● **Brief**:
Please repeat each line below exactly, with no images in the copy.

● **Supplied material**:
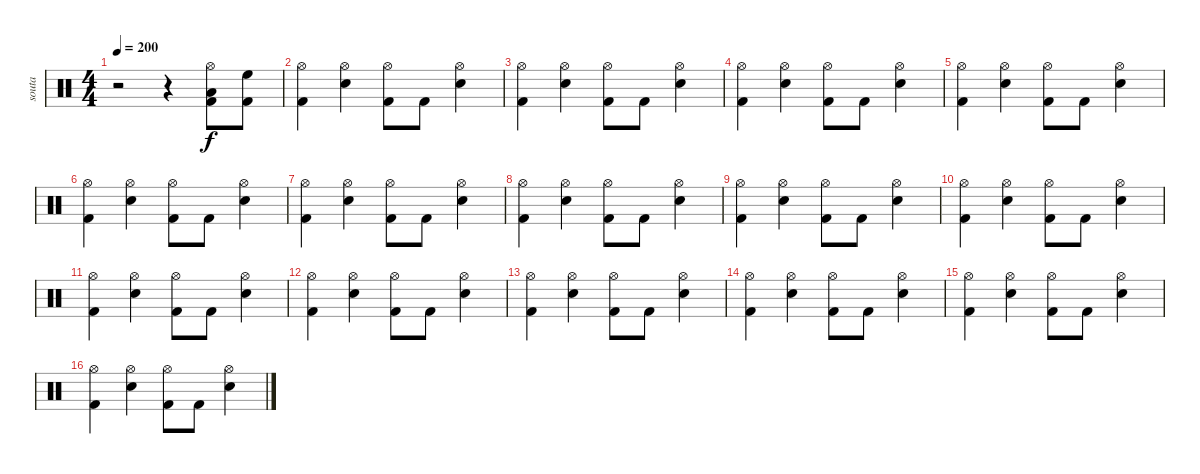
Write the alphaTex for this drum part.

\track ("souta" "souta") {instrument percussion}
\staff {score}
\articulation defaults
\ts (4 4)
\tempo 200
\clef neutral
\ks c
r.2{dy f} r.4 ("Hi-Hat (open)" "Low Floor Tom (hit)" "Kick (hit) 2").8 ("High Floor Tom (hit)" "Kick (hit) 2").8 |
("Hi-Hat (open)" "Kick (hit) 2").4 ("Hi-Hat (open)" "Snare (hit) 2").4 ("Hi-Hat (open)" "Kick (hit) 2").8 "Kick (hit) 2".8 ("Hi-Hat (open)" "Snare (hit) 2").4 |
("Hi-Hat (open)" "Kick (hit) 2").4 ("Hi-Hat (open)" "Snare (hit) 2").4 ("Hi-Hat (open)" "Kick (hit) 2").8 "Kick (hit) 2".8 ("Hi-Hat (open)" "Snare (hit) 2").4 |
("Hi-Hat (open)" "Kick (hit) 2").4 ("Hi-Hat (open)" "Snare (hit) 2").4 ("Hi-Hat (open)" "Kick (hit) 2").8 "Kick (hit) 2".8 ("Hi-Hat (open)" "Snare (hit) 2").4 |
("Hi-Hat (open)" "Kick (hit) 2").4 ("Hi-Hat (open)" "Snare (hit) 2").4 ("Hi-Hat (open)" "Kick (hit) 2").8 "Kick (hit) 2".8 ("Hi-Hat (open)" "Snare (hit) 2").4 |
("Hi-Hat (open)" "Kick (hit) 2").4 ("Hi-Hat (open)" "Snare (hit) 2").4 ("Hi-Hat (open)" "Kick (hit) 2").8 "Kick (hit) 2".8 ("Hi-Hat (open)" "Snare (hit) 2").4 |
("Hi-Hat (open)" "Kick (hit) 2").4 ("Hi-Hat (open)" "Snare (hit) 2").4 ("Hi-Hat (open)" "Kick (hit) 2").8 "Kick (hit) 2".8 ("Hi-Hat (open)" "Snare (hit) 2").4 |
("Hi-Hat (open)" "Kick (hit) 2").4 ("Hi-Hat (open)" "Snare (hit) 2").4 ("Hi-Hat (open)" "Kick (hit) 2").8 "Kick (hit) 2".8 ("Hi-Hat (open)" "Snare (hit) 2").4 |
("Hi-Hat (open)" "Kick (hit) 2").4 ("Hi-Hat (open)" "Snare (hit) 2").4 ("Hi-Hat (open)" "Kick (hit) 2").8 "Kick (hit) 2".8 ("Hi-Hat (open)" "Snare (hit) 2").4 |
("Hi-Hat (open)" "Kick (hit) 2").4 ("Hi-Hat (open)" "Snare (hit) 2").4 ("Hi-Hat (open)" "Kick (hit) 2").8 "Kick (hit) 2".8 ("Hi-Hat (open)" "Snare (hit) 2").4 |
("Hi-Hat (open)" "Kick (hit) 2").4 ("Hi-Hat (open)" "Snare (hit) 2").4 ("Hi-Hat (open)" "Kick (hit) 2").8 "Kick (hit) 2".8 ("Hi-Hat (open)" "Snare (hit) 2").4 |
("Hi-Hat (open)" "Kick (hit) 2").4 ("Hi-Hat (open)" "Snare (hit) 2").4 ("Hi-Hat (open)" "Kick (hit) 2").8 "Kick (hit) 2".8 ("Hi-Hat (open)" "Snare (hit) 2").4 |
("Hi-Hat (open)" "Kick (hit) 2").4 ("Hi-Hat (open)" "Snare (hit) 2").4 ("Hi-Hat (open)" "Kick (hit) 2").8 "Kick (hit) 2".8 ("Hi-Hat (open)" "Snare (hit) 2").4 |
("Hi-Hat (open)" "Kick (hit) 2").4 ("Hi-Hat (open)" "Snare (hit) 2").4 ("Hi-Hat (open)" "Kick (hit) 2").8 "Kick (hit) 2".8 ("Hi-Hat (open)" "Snare (hit) 2").4 |
("Hi-Hat (open)" "Kick (hit) 2").4 ("Hi-Hat (open)" "Snare (hit) 2").4 ("Hi-Hat (open)" "Kick (hit) 2").8 "Kick (hit) 2".8 ("Hi-Hat (open)" "Snare (hit) 2").4 |
("Hi-Hat (open)" "Kick (hit) 2").4 ("Hi-Hat (open)" "Snare (hit) 2").4 ("Hi-Hat (open)" "Kick (hit) 2").8 "Kick (hit) 2".8 ("Hi-Hat (open)" "Snare (hit) 2").4

● **Answer area**:
Write the alphaTex for this drum part.

\track ("souta" "souta") {instrument percussion}
\staff {score}
\articulation defaults
\ts (4 4)
\tempo 200
\clef neutral
\ks c
r.2{dy f} r.4 ("Hi-Hat (open)" "Low Floor Tom (hit)" "Kick (hit) 2").8 ("High Floor Tom (hit)" "Kick (hit) 2").8 |
("Hi-Hat (open)" "Kick (hit) 2").4 ("Hi-Hat (open)" "Snare (hit) 2").4 ("Hi-Hat (open)" "Kick (hit) 2").8 "Kick (hit) 2".8 ("Hi-Hat (open)" "Snare (hit) 2").4 |
("Hi-Hat (open)" "Kick (hit) 2").4 ("Hi-Hat (open)" "Snare (hit) 2").4 ("Hi-Hat (open)" "Kick (hit) 2").8 "Kick (hit) 2".8 ("Hi-Hat (open)" "Snare (hit) 2").4 |
("Hi-Hat (open)" "Kick (hit) 2").4 ("Hi-Hat (open)" "Snare (hit) 2").4 ("Hi-Hat (open)" "Kick (hit) 2").8 "Kick (hit) 2".8 ("Hi-Hat (open)" "Snare (hit) 2").4 |
("Hi-Hat (open)" "Kick (hit) 2").4 ("Hi-Hat (open)" "Snare (hit) 2").4 ("Hi-Hat (open)" "Kick (hit) 2").8 "Kick (hit) 2".8 ("Hi-Hat (open)" "Snare (hit) 2").4 |
("Hi-Hat (open)" "Kick (hit) 2").4 ("Hi-Hat (open)" "Snare (hit) 2").4 ("Hi-Hat (open)" "Kick (hit) 2").8 "Kick (hit) 2".8 ("Hi-Hat (open)" "Snare (hit) 2").4 |
("Hi-Hat (open)" "Kick (hit) 2").4 ("Hi-Hat (open)" "Snare (hit) 2").4 ("Hi-Hat (open)" "Kick (hit) 2").8 "Kick (hit) 2".8 ("Hi-Hat (open)" "Snare (hit) 2").4 |
("Hi-Hat (open)" "Kick (hit) 2").4 ("Hi-Hat (open)" "Snare (hit) 2").4 ("Hi-Hat (open)" "Kick (hit) 2").8 "Kick (hit) 2".8 ("Hi-Hat (open)" "Snare (hit) 2").4 |
("Hi-Hat (open)" "Kick (hit) 2").4 ("Hi-Hat (open)" "Snare (hit) 2").4 ("Hi-Hat (open)" "Kick (hit) 2").8 "Kick (hit) 2".8 ("Hi-Hat (open)" "Snare (hit) 2").4 |
("Hi-Hat (open)" "Kick (hit) 2").4 ("Hi-Hat (open)" "Snare (hit) 2").4 ("Hi-Hat (open)" "Kick (hit) 2").8 "Kick (hit) 2".8 ("Hi-Hat (open)" "Snare (hit) 2").4 |
("Hi-Hat (open)" "Kick (hit) 2").4 ("Hi-Hat (open)" "Snare (hit) 2").4 ("Hi-Hat (open)" "Kick (hit) 2").8 "Kick (hit) 2".8 ("Hi-Hat (open)" "Snare (hit) 2").4 |
("Hi-Hat (open)" "Kick (hit) 2").4 ("Hi-Hat (open)" "Snare (hit) 2").4 ("Hi-Hat (open)" "Kick (hit) 2").8 "Kick (hit) 2".8 ("Hi-Hat (open)" "Snare (hit) 2").4 |
("Hi-Hat (open)" "Kick (hit) 2").4 ("Hi-Hat (open)" "Snare (hit) 2").4 ("Hi-Hat (open)" "Kick (hit) 2").8 "Kick (hit) 2".8 ("Hi-Hat (open)" "Snare (hit) 2").4 |
("Hi-Hat (open)" "Kick (hit) 2").4 ("Hi-Hat (open)" "Snare (hit) 2").4 ("Hi-Hat (open)" "Kick (hit) 2").8 "Kick (hit) 2".8 ("Hi-Hat (open)" "Snare (hit) 2").4 |
("Hi-Hat (open)" "Kick (hit) 2").4 ("Hi-Hat (open)" "Snare (hit) 2").4 ("Hi-Hat (open)" "Kick (hit) 2").8 "Kick (hit) 2".8 ("Hi-Hat (open)" "Snare (hit) 2").4 |
("Hi-Hat (open)" "Kick (hit) 2").4 ("Hi-Hat (open)" "Snare (hit) 2").4 ("Hi-Hat (open)" "Kick (hit) 2").8 "Kick (hit) 2".8 ("Hi-Hat (open)" "Snare (hit) 2").4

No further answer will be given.